Unter dem Dach des Patrizieranwesens war ab der Mittagszeit eine fast unerträgliche Hitze und die kleinen Fenster an den Giebelseiten des Hauses ließen nur wenig Licht in den Raum. Von den Dachbalken hingen Spinnweben, die wie graue Tücher wirkten. Alles war mit einer dicken Staubschicht überzogen. Aus Langeweile begann Katharina, Kisten und Säcke zu durchstöbern, die vor längerem achtlos abgestellt worden waren. Sie enthielten Tuchballen aus vergangenen Tagen, andere Kleidung ihrer längst verstorbenen Stiefmutter.
Nicht mehr lange, dann würden sie mir vielleicht passen, dachte sie sich. Ein Kleid nach dem anderen betrachtete sie und hielt es vor ihren Körper, um abzuschätzen, wie es an ihr wirkte. Auf dem Boden der Kiste blieb ihr Blick auf einem Buch haften.
Der Einband war aus dunkelbraunem Leder gefertigt und an den Ecken mit schweren Metallbeschlägen versehen. Um es aufzuschlagen, musste ein Riegel geöffnet werden. Es war unverschlossen. Katharina setzte sich unter eines der kleinen Fenster und fing an zu blättern.
›Freitag, 3. Februar 1612: Wenn ich ihn sehe, schlägt mein Herz schneller. So also fühlt sich die Liebe an.

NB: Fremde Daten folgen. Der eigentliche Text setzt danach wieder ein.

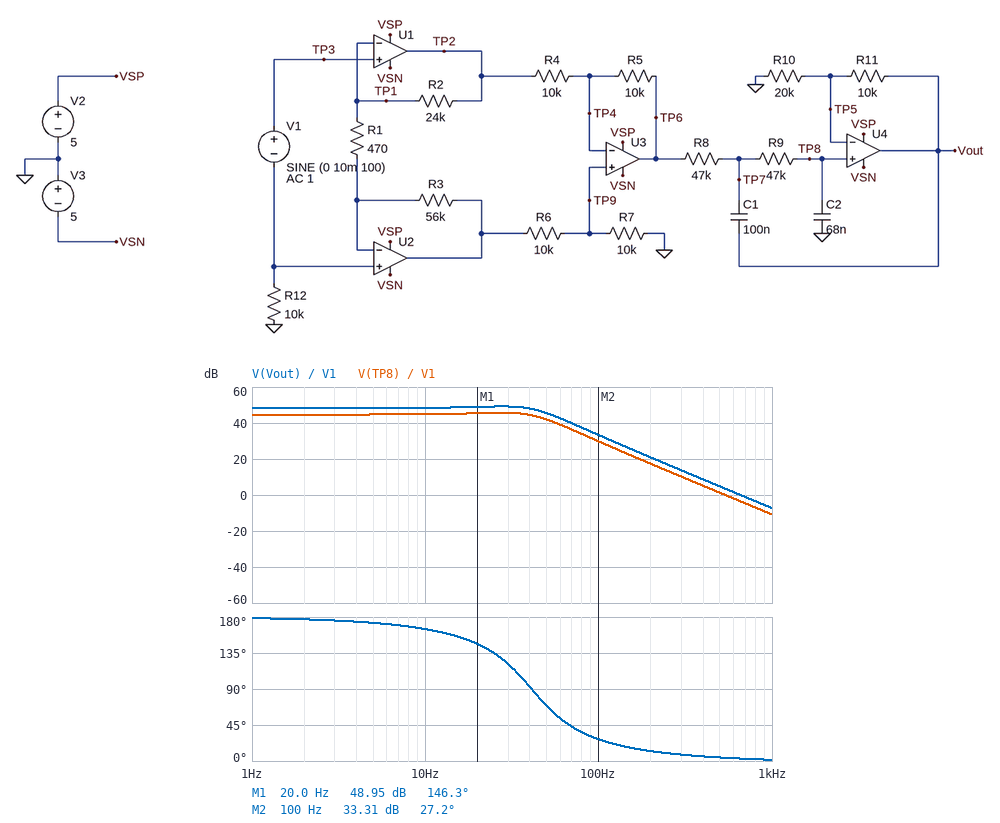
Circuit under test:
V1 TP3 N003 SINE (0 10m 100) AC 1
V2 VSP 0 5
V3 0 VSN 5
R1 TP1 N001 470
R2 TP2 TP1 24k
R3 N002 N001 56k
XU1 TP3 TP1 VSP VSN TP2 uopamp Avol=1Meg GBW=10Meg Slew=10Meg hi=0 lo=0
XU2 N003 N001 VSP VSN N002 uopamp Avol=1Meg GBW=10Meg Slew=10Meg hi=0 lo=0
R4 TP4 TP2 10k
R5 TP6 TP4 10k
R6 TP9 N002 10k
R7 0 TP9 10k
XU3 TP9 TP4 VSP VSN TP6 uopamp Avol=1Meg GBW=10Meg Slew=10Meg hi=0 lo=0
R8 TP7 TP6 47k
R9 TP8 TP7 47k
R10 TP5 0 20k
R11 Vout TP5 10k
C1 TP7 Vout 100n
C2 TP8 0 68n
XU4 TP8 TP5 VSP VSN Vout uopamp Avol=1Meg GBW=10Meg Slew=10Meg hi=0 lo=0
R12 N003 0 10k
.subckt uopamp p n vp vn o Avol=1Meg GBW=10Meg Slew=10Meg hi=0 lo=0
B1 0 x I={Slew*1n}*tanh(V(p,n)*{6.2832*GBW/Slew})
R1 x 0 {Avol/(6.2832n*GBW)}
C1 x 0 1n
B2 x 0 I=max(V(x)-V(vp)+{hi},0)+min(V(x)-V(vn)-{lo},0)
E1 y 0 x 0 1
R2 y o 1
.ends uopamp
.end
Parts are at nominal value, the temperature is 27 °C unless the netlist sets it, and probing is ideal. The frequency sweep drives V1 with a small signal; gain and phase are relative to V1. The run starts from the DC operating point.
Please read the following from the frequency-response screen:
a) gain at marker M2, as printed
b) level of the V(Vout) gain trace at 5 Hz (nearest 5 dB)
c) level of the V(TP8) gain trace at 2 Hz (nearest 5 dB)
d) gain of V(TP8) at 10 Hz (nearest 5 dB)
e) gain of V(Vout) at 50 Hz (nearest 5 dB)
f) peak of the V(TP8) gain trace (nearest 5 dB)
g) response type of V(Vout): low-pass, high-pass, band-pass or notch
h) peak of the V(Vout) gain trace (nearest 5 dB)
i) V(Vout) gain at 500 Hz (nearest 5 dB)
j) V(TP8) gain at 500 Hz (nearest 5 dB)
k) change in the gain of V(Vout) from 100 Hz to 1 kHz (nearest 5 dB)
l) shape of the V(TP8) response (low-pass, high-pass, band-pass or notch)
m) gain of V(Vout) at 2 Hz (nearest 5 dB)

33.31 dB
50 dB
45 dB
45 dB
45 dB
45 dB
low-pass
50 dB
5 dB
0 dB
-40 dB
low-pass
50 dB
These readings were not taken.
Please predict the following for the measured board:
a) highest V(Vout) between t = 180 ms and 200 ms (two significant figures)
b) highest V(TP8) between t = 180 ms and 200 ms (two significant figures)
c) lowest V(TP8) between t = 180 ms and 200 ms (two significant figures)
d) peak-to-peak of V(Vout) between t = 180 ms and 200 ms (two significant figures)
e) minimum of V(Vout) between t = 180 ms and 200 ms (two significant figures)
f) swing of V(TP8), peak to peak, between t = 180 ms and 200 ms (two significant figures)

460 mV
310 mV
-310 mV
930 mV
-460 mV
620 mV
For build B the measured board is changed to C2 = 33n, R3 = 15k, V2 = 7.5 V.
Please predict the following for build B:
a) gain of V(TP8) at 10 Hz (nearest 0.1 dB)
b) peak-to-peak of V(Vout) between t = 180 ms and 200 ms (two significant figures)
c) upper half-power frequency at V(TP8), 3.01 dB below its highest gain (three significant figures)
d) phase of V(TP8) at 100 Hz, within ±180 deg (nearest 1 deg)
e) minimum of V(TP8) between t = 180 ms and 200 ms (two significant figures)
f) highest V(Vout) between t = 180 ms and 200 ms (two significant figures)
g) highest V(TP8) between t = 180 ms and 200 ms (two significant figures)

38.7 dB
1.3 V
65.6 Hz
14 deg
-430 mV
650 mV
430 mV
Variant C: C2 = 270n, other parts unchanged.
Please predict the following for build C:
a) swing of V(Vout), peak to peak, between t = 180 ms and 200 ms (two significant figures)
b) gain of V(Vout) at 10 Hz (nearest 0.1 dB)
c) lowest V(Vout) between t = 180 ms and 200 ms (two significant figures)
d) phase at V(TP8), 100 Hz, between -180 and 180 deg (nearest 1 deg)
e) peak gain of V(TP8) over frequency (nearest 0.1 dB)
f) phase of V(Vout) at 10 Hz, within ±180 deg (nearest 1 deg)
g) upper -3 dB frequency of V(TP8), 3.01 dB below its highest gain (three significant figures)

190 mV
43.9 dB
-96 mV
33 deg
44.7 dB
118 deg
7.77 Hz
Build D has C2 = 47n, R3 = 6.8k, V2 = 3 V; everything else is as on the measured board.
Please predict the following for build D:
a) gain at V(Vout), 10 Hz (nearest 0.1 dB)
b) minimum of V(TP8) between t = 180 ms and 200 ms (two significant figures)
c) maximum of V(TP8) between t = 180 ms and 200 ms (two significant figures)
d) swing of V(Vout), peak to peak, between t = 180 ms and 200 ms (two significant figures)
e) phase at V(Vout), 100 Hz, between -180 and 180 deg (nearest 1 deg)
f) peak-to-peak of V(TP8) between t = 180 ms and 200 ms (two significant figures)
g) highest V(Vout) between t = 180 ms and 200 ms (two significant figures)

40.3 dB
-200 mV
200 mV
590 mV
23 deg
400 mV
300 mV
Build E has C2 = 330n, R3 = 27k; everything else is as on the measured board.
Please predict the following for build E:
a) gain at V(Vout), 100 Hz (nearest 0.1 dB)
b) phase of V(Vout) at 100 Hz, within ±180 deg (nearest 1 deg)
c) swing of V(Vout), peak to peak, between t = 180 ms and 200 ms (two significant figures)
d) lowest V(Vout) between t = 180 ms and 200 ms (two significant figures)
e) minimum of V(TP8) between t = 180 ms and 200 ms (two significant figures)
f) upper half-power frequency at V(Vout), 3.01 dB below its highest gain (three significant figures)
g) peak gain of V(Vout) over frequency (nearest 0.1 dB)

13.9 dB
33 deg
99 mV
-50 mV
-33 mV
6.09 Hz
44.3 dB
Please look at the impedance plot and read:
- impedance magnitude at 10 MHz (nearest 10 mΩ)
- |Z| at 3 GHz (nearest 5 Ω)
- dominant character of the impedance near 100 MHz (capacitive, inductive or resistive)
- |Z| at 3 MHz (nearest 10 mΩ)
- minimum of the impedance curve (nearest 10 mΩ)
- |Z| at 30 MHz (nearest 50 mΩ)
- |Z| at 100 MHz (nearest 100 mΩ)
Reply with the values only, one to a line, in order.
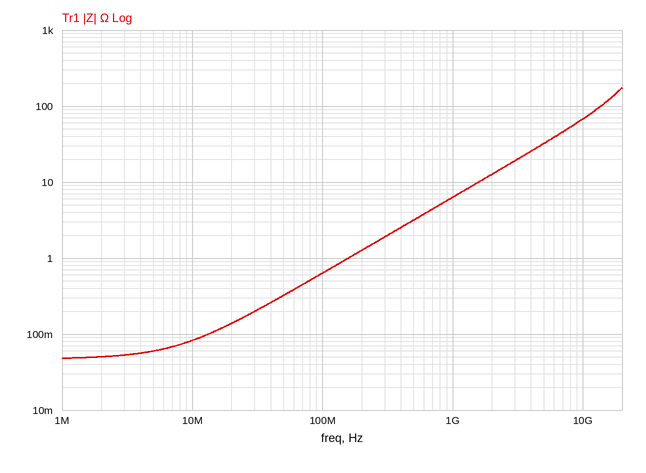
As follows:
80 mΩ
20 Ω
inductive
50 mΩ
50 mΩ
200 mΩ
600 mΩ
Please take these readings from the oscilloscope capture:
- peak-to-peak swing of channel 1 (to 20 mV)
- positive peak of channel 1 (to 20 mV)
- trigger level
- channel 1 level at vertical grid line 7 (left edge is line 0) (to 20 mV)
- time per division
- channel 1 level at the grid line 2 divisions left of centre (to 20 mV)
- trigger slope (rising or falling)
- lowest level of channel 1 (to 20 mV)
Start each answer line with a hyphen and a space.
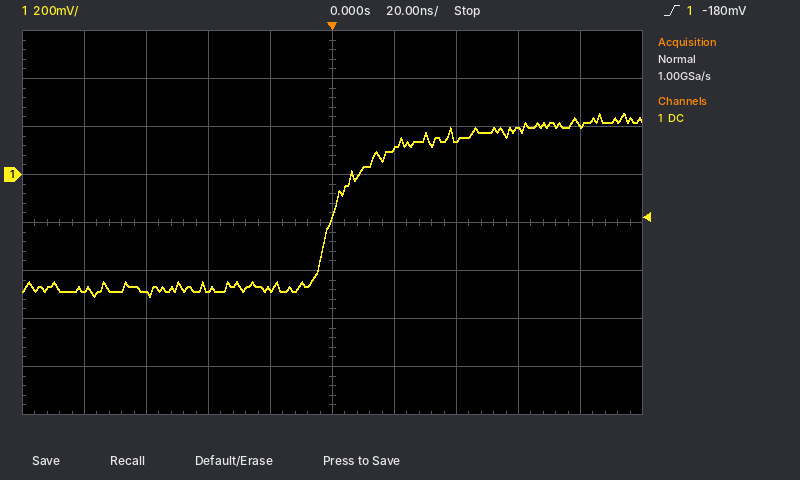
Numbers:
- 760 mV
- 260 mV
- -180 mV
- 140 mV
- 20 ns
- -480 mV
- rising
- -500 mV

Mittwoch 11. Juli 1612: Heute ist es passiert. Josef war so einfühlsam und trotzdem wild und stürmisch. Das würde ich mir von Benedikt auch wünschen …‹
Was zur Hölle waren das für Aufzeichnungen? Und wer war Josef?, fragte sie sich.

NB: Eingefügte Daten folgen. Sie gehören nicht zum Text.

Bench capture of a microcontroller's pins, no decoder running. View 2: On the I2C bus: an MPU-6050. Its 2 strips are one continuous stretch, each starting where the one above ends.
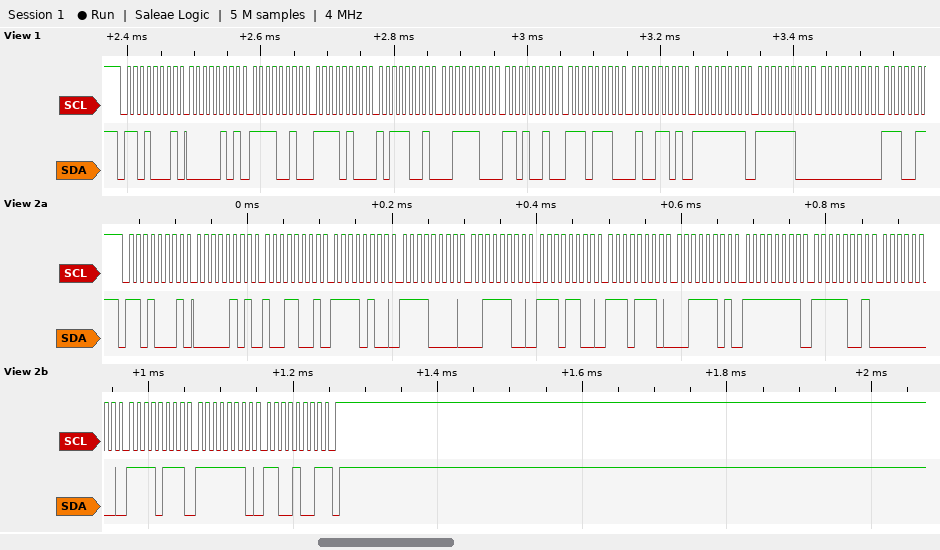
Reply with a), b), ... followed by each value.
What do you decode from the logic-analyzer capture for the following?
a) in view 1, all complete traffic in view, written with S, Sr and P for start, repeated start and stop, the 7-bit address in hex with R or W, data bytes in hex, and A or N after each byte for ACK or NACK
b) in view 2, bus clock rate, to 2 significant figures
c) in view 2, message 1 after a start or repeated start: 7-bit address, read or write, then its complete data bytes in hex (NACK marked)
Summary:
a) S 68R A 05 A F2 A F4 A B9 A 3C A D2 A EE A 4D A FF A FC A 00 A
b) 100 kHz
c) 0x68 read: 05 99 F4 F0 3C EC EE 3D FF F9 00 F7 FE C9 NACK
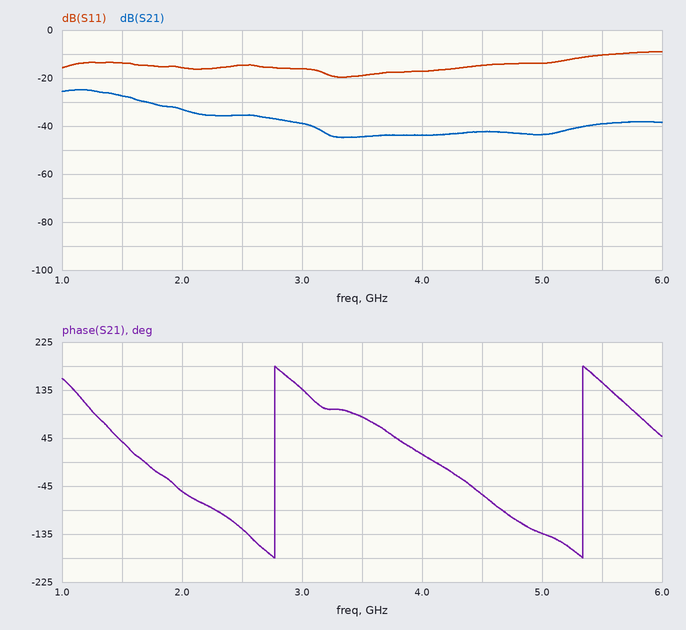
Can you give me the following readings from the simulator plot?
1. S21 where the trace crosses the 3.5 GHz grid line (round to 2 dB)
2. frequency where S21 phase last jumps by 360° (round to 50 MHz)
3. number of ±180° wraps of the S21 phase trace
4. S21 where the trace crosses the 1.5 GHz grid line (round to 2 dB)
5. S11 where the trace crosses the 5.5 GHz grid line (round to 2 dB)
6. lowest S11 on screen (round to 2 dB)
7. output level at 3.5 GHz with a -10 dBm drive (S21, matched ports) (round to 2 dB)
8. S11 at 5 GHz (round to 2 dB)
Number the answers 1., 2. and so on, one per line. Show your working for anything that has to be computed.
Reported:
1. -44 dB
2. 5.35 GHz
3. 2
4. -28 dB
5. -10 dB
6. -20 dB
7. -10 dBm + (-44 dB) = -54 dBm
8. -14 dB

›Benedikt hat mir ja schon lange nicht mehr beigewohnt. Er war so außer sich, als er erfuhr, dass ich mich ausgerechnet einem Hofmeister hingegeben habe. Ich kann von Glück reden, dass Benedikt es für sich behalten hatte. Sonst hätte man mich wohl mit der Schandgeige um den Hals aus der Stadt gejagt. Es tut mir leid, Benedikt. Es war ein Fehler von mir …‹
Katharina blieb der Mund offen stehen. Daher also der Familienstreit.
Als sie weiter im Buch blätterte, fiel eine einzelne Seite heraus. Ein Brief an meinen Stiefvater. Vom Augsburger Stadtmedicus?
›Mein lieber Freund Benedikt, sicherlich erinnert Ihr Euch noch an Elena, die im Doktorenhaus die kleine Kammer bewohnte. Sie behauptet, von Euch schwanger zu sein. Ich dachte mir, Ihr solltet das erfahren. Vielleicht ist ja doch etwas Wahres daran. Euer alter Freund Engelhard Metzner, Augsburg 8. März 1620.‹
Das wird ja immer besser. Meine Stiefmutter lässt sich auf einen Hofmeister ein und der Stiefvater schwängert eine Frau in Augsburg. Moment mal. 8. März 1620?
Nachdem sich immer mehr Menschen auf dem Rathausplatz einfanden und ein wirres Stimmendurcheinander entstand, blickte Katharina neugierig aus dem kleinen Giebelfenster.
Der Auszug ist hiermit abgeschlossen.